Eine solche Information wäre zum Beispiel gewesen, dass der erste Anruf, der Erdoğan nach dem Putschversuch erreichte, aus Russland kam - während die ersten Reaktionen aus dem Westen sehr zurückhaltend waren. Ein Punkt, über den auch Intellektuelle und Liberale in der Türkei wütend sind, die unter AKP-Regierung und Gülen-Netzwerk gelitten haben, wie die Zeit anmerkt.

Doch es gibt Momente, in denen Yeneroğlu spannende Antworten zumindest andeutet. Christoph Schwennicke, Journalist des Magazins Cicero, weist darauf hin, dass die Verhaftungen nach dem Putsch sehr schnell stattgefunden haben. Wie geht das? Antwort Yeneroğlu: "Geheimdienste."

Seit Wochen wird darüber gerätselt, was der Geheimdienst MIT wusste. Nach einem Bericht des Wall Street Journal hatte dieser Zugriff auf Chat-Protokolle und Namen von insgesamt 40 000 Gülen-Anhängern. Wäre doch spannend, wenn man bei Yeneroğlu nach Details fragen würde: Wurden diese Listen genutzt? Doch von Plasberg kommt nichts und Schwennicke sagt einfach nur "ja" - und redet weiter.

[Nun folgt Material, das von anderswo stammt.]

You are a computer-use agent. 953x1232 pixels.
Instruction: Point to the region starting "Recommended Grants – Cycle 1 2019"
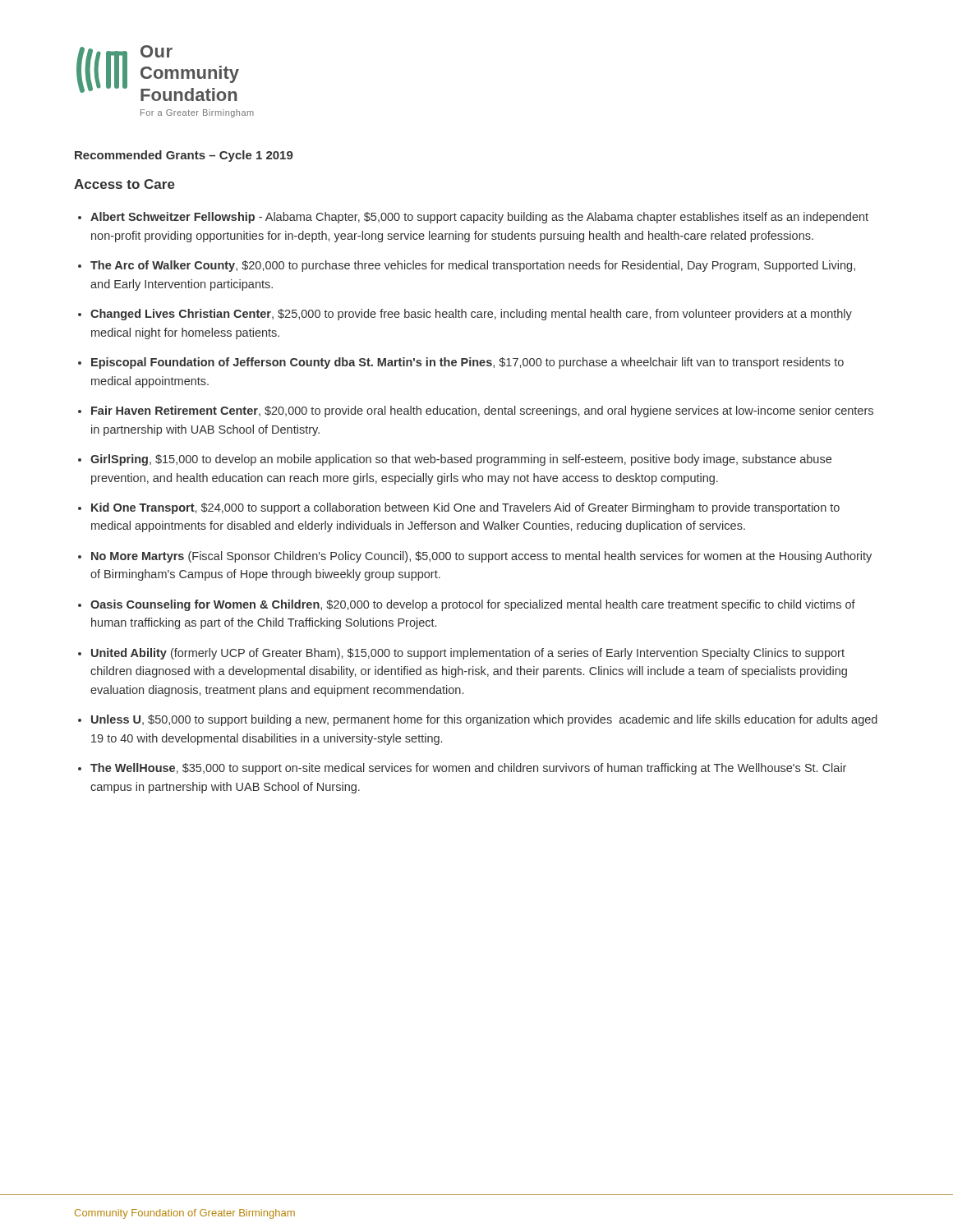[x=184, y=155]
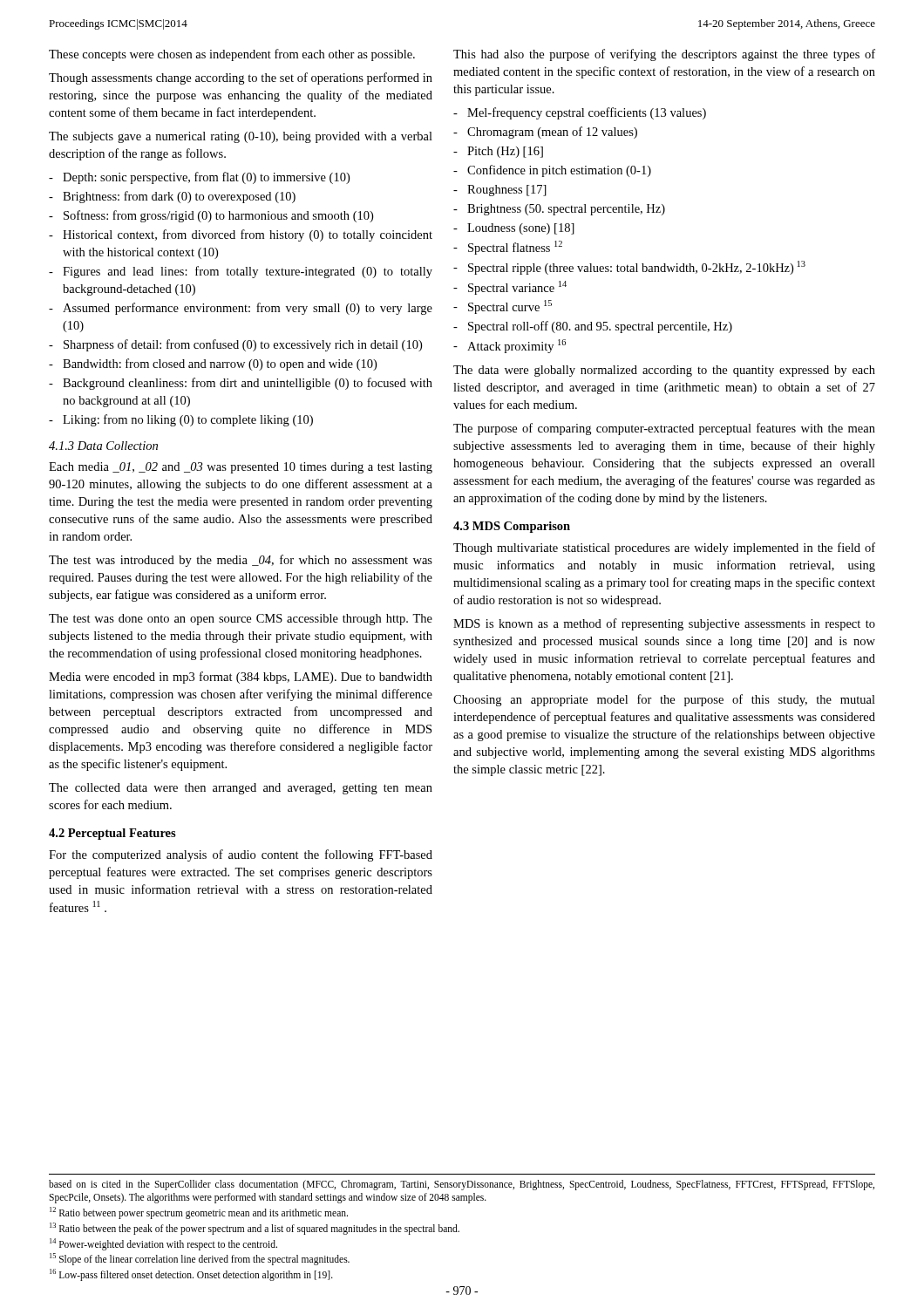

Viele Meinungen, wenig Fakten

Auch im zweiten Teil der Sendung, nun geht es vor allem um den Doppelpass, fällt Schwennicke auf: "Der Doppelpass war ein gut gemeinter Fehler", sagt er. Dessen Ziel sei es gewesen, Integration zu befördern. Doch ob der Pass diese Funktion auch erfüllt, das bezweifelt er. Und fügt dann nebenbei an, dass er "jetzt hier empirische Belege" nicht liefern könne.

Jens Spahn findet ebenfalls, dass der Doppelpass ein Integrationshindernis sei und zu einer "gespaltenen Loyalität" führe. Ein Beispiel dafür ist Spahn zufolge die Demonstration der Erdoğan-Anhänger in Köln. "Es gefällt mir nicht, und ich finde es auch nicht gut, dass es einem ausländischen Staatsoberhaupt erstmal gelingt, solche Veranstaltungen mit so einem nationalistischen Einschlag hier bei uns mit so viel Zuspruch stattfinden zu lassen."

Doch unter den Gästen ist niemand, der diese Meinungen um Fakten ergänzt. Zwar erwähnt Malu Dreyer (SPD), Ministerpräsidentin von Rheinland-Pfalz, eine Studie der Universität Münster und sagt: "Da wurde sehr, sehr deutlich, dass gerade jüngere Türken das Gefühl haben, dass sie hier Bürger zweiter Klasse sind." Dass Erdoğan gut ankomme, hänge auch damit zusammen. Doch das geht unter - auch aus Zeitgründen, da Plasberg auch noch über die Rolle von Ditib reden will, den größten islamischen Verband in Deutschland.

Inhaltlich beliebig

Fehlte im ersten Teil eine Person, die über Gülen redet, fehlte nun eine Person, die über diese Studie redet oder allgemein über die doppelte Staatsbürgerschaft und wie wichtig ein Pass dabei ist, wenn man sich einem Land zugehörig fühlen will.

Dadurch wird die Runde inhaltlich beliebig, zumal die Gäste zu sehr darauf bedacht sind, ihre zwei bis drei politischen Punkte durchzudrücken. Politisch unerfahren ist hier nur die Schauspielerin, die sich an einer Stelle sogar meldet, in der Hoffnung, dass sie aufgerufen wird und auch zu Wort kommt.

Gegen Ende zitiert auch Plasberg aus der Studie der Universität Münster. Aus ihr ist ebenfalls hervorgegangen, dass 47 Prozent der 1200 Befragten Deutschtürken ihre Religion über das Grundgesetz stellen. "Die Befolgung der Gebote meiner Religion ist für mich wichtiger als die Gesetze des Staates, in dem ich lebe." Eine Aussage, über die sich diskutieren ließe.

Dreyer nennt die 47 Prozent erschreckend. Spahn versucht, plötzlich über die Armenien-Resolution zu reden. Plasberg erteilt Yeneroğlu das finale Wort, verknüpft mit einer Frage: "Sie haben 45 Sekunden. Schaffen Sie das, etwas zu diesen 47 Prozent zu sagen, außer die Methodik zu bezweifeln?" Er schafft es nicht.